Y’a des gens comme ça, on en connait tous, on est très proches, pendant un certain temps, et puis on se perd de vue. Banal.

Maintenant avec le net, Facebook et compagnie, c’est souvent qu’on retrouve des connaissances. Ça fait toujours plaisir, mais c’est rare (dans mon cas), que ça aille plus loin que quelques mails et/ou ajout à ses amis Facebook. Chacun fait sa vie, fatalement ça diverge, on a de bons souvenirs, on est toujours content d’avoir des nouvelles mais on n’a plus grand chose à se dire en fait.

Plus rare, quand le net permet de renouer un contact étroit et durable. Mais ça existe. Le copain Barnabé, tiens, ça fait bien trois ans qu’on n’avait plus de nouvelles, on savait bien qu’il n’était pas mort, mais on le supposait fâché ou au minimum, surbooké pour ne pas répondre à deux ou trois courriels, ensuite on n’ose plus.

Et puis on écrit des bêtises ici même, et dans le petit forum en bas de la page, une nouvelle signature : ça commence pareil et ça finit différemment, Barbuzard, ça lui va bien.

On avait fait quelques coups sympas ensemble à l’époque, la traversée à la nage d’un lac de 400 mètres de large, mais 12km de long, évidemment dans le sens de la longueur, Groix-Lorient à la nage aussi, quelques îles dans le golfe, montré nos fesses sur un parking d’Arradon à une vieille dame qui nous a traités de tous les noms et que si t’es pas contente Mamie, ben t’es pas obligée de regarder, passé quelques heures à table (et moi sur la sienne de table de kiné, à une époque où ça coinçait pas mal). Enfin des trucs comme on en vit tous avec un bon copain.

Donc moi je n’en fais plus du sport, sauf exception, mais lui oui. À l’époque il commençait à s’intéresser à la plongée, et je le retrouve avec un CV à faire pleurer de honte le commandant Cousteau.

Moi la plongée ça m’a toujours intéressé, mais comme la spéléo, principalement par bouquins interposés. Gamin, j’ai fait pas mal d’apnée mais aussi d’otites, toujours depuis fragile des oreilles, ma zone d’évolution maintenant se limite à 2 mètres, ce qui ne justifie pas vraiment l’utilisation de Nitrox et autres mélanges gazeux, ou de matériel onéreux.

Qu’il continue ses gamineries à 34 ans le Barbuzard, ça ne me dérange pas trop, vu qu’il en a dix de moins que moi, il faut bien que jeunesse se passe. Juste, ce qui me gêne, c’est quand je vois qu’il fait lui, ce que j’ai toujours rêvé de faire aussi, et strictement jamais fait, et ne ferai jamais : plonger sous la terre. C’est comme si j’avais un copain astronaute, qui irait sur la lune, et moi à le regarder aux jumelles, vous voyez... Ou passer le Cap Horn sur le Joshua de Moitessier...
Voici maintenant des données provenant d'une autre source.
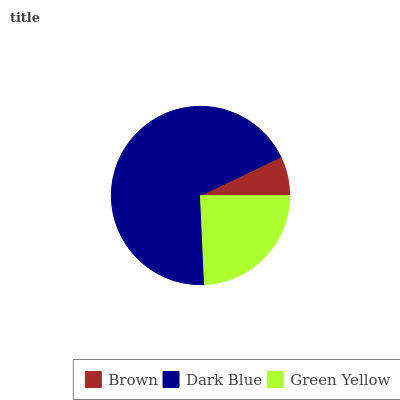Is Brown the minimum?
Answer yes or no. Yes. Is Dark Blue the maximum?
Answer yes or no. Yes. Is Green Yellow the minimum?
Answer yes or no. No. Is Green Yellow the maximum?
Answer yes or no. No. Is Dark Blue greater than Green Yellow?
Answer yes or no. Yes. Is Green Yellow less than Dark Blue?
Answer yes or no. Yes. Is Green Yellow greater than Dark Blue?
Answer yes or no. No. Is Dark Blue less than Green Yellow?
Answer yes or no. No. Is Green Yellow the high median?
Answer yes or no. Yes. Is Green Yellow the low median?
Answer yes or no. Yes. Is Brown the high median?
Answer yes or no. No. Is Dark Blue the low median?
Answer yes or no. No. 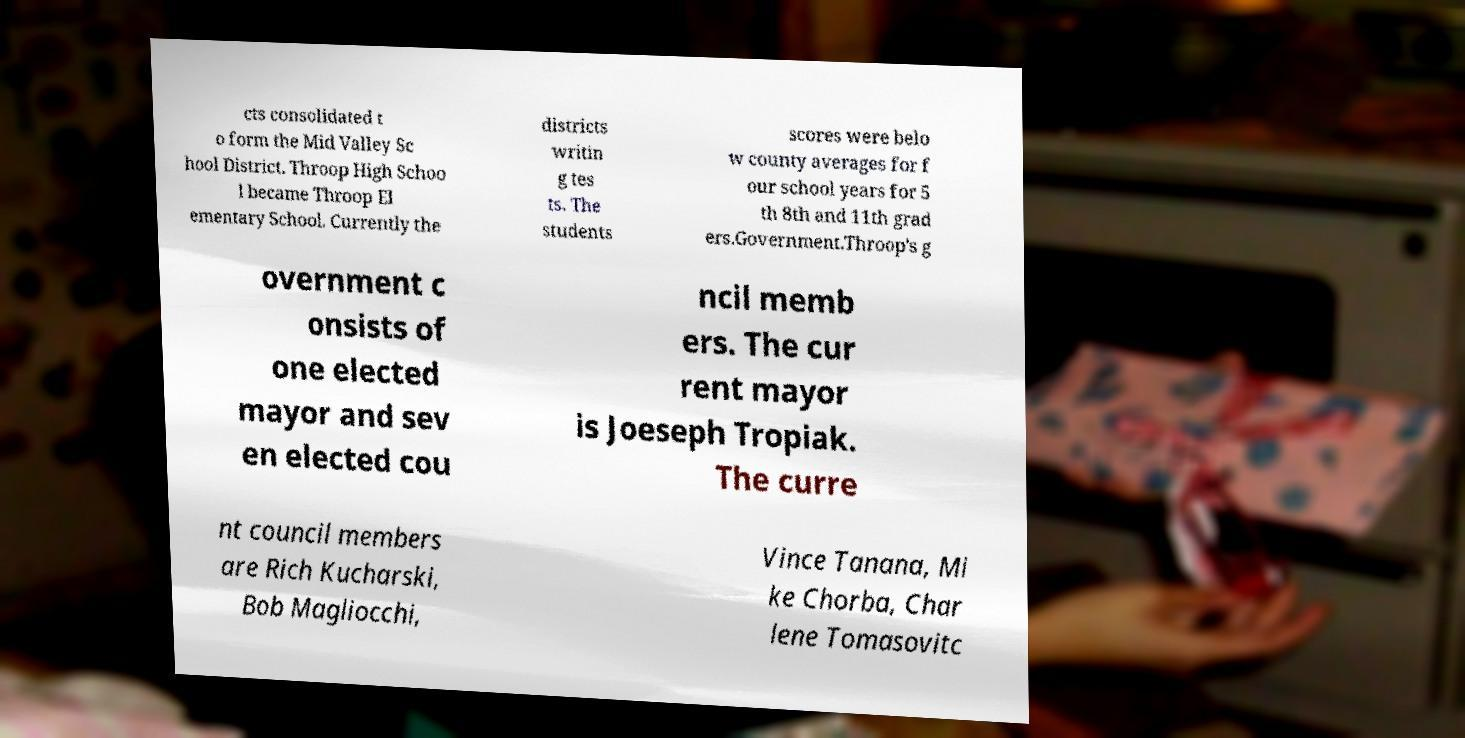Please identify and transcribe the text found in this image. cts consolidated t o form the Mid Valley Sc hool District. Throop High Schoo l became Throop El ementary School. Currently the districts writin g tes ts. The students scores were belo w county averages for f our school years for 5 th 8th and 11th grad ers.Government.Throop's g overnment c onsists of one elected mayor and sev en elected cou ncil memb ers. The cur rent mayor is Joeseph Tropiak. The curre nt council members are Rich Kucharski, Bob Magliocchi, Vince Tanana, Mi ke Chorba, Char lene Tomasovitc 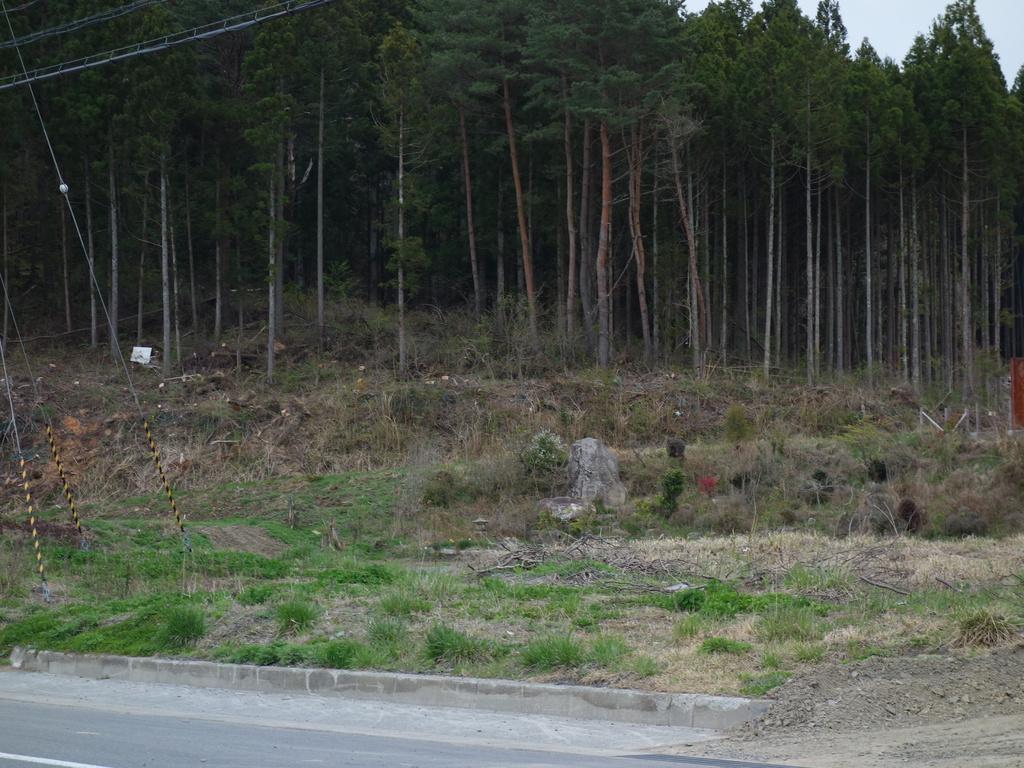Please provide a concise description of this image. In this image I can see grass and trees in green color. Background the sky is in white color. 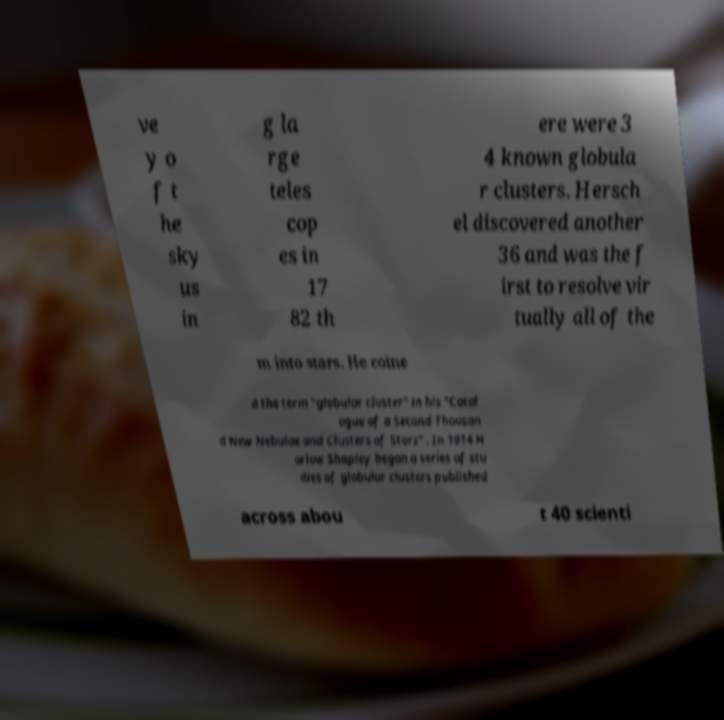For documentation purposes, I need the text within this image transcribed. Could you provide that? ve y o f t he sky us in g la rge teles cop es in 17 82 th ere were 3 4 known globula r clusters. Hersch el discovered another 36 and was the f irst to resolve vir tually all of the m into stars. He coine d the term "globular cluster" in his "Catal ogue of a Second Thousan d New Nebulae and Clusters of Stars" . In 1914 H arlow Shapley began a series of stu dies of globular clusters published across abou t 40 scienti

Mais le pire du pire, c’est quand il raconte, comme ça, sur son blog, comment il a plongé dans la fontaine Saint-Georges. La fontaine en question, c’est un de mes hauts-lieux perso, de ces endroits de rêve, ou l’on s’arrête à chaque fois qu’on passe à côté (et j’y suis passé des dizaines de fois), où l’on va pour le plaisir, et où l’on reste des minutes, des heures entières sans rien faire d’autre que rêvasser tellement l’endroit est beau et soulève des tonnes de questions au fond de soi, qu’on est bien incapable d’exprimer, mais voilà... le temps s’y arrête. Saint-Georges c’est en moi, comme le gouffre de Réveillon tout à côté, l’anse de l’Aiguillon en Vendée, ma grotte, le détroit de Magellan que je n’ai jamais vu, la Pierre Saint-Martin, le gouffre d’Aphanicé. Beaucoup de coins karstiques quand même...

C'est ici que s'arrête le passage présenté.